Her surprise, as she withdrew herself somewhat forcefully from his embrace, was plain enough. “Well!” she exclaimed vaguely, and then looked at him. “You're getting fatter.”

“No I'm not,” he rejoined, with the earnestness belonging to an important topic. “People think I am—but it's merely the looseness of these clothes. There's really no difference since I was here last.”

The glance they exchanged was so full of the tacit comment that this last visit was a long time ago, that Thorpe put it into words. “Let's see—that was just before Christmas, wasn't it?” he said.

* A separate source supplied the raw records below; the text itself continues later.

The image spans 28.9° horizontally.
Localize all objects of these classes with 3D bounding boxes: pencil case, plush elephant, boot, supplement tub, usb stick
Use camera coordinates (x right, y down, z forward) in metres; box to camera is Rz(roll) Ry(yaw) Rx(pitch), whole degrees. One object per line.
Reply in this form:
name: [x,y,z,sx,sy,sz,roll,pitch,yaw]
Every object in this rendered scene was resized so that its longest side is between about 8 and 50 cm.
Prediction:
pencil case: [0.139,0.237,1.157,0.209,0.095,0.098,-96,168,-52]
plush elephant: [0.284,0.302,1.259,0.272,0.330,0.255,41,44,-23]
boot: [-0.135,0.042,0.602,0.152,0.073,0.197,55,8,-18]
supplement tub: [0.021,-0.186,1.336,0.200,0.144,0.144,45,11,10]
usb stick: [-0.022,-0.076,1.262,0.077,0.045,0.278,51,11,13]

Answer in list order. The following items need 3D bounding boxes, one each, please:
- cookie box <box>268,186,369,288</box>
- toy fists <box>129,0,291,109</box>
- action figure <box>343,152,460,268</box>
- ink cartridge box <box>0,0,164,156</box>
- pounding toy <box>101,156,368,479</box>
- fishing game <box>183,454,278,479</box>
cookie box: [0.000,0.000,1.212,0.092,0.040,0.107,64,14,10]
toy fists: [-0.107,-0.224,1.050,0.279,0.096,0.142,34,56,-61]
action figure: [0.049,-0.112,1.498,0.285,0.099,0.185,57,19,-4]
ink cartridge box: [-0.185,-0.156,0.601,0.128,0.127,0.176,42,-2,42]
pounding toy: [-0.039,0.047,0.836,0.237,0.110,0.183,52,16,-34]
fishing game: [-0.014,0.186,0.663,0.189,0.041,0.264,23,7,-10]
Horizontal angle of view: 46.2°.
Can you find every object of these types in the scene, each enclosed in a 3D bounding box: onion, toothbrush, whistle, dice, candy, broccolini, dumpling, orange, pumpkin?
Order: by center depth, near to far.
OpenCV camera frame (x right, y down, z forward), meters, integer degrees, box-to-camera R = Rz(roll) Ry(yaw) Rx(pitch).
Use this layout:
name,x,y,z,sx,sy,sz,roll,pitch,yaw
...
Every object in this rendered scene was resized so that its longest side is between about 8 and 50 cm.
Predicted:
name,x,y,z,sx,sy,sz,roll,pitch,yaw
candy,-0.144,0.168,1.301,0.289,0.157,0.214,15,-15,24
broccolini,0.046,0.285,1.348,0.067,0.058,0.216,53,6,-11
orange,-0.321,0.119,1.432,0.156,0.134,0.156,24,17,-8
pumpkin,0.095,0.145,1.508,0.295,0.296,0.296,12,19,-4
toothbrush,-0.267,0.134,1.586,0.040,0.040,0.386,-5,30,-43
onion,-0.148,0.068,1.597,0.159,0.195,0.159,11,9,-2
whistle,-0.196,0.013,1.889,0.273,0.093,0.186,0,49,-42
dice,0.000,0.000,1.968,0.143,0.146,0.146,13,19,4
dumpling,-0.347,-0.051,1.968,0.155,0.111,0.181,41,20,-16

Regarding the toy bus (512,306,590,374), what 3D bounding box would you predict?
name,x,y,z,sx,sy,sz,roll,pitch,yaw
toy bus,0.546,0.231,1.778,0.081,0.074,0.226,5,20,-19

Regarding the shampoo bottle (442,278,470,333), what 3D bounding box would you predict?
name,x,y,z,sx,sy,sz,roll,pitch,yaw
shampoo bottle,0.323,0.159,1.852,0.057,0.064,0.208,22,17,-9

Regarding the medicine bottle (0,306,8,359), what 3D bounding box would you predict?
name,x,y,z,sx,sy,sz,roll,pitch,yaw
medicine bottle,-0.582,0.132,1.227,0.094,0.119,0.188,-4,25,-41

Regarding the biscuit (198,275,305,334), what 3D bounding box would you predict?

“Something like that,” she responded. “You were going to get married in a week or two, I remember, and THAT was in January, wasn't it? I was taking stock, I know.”

He nodded in turn. The thought that his only sister recalled his marriage merely as a date, like a royal anniversary or a bank-holiday, and held herself implacably aloof from all contact with his domestic life, annoyed him afresh. “You're an awful goat, not to come near us,” he felt impelled, in brotherly frankness, to tell her.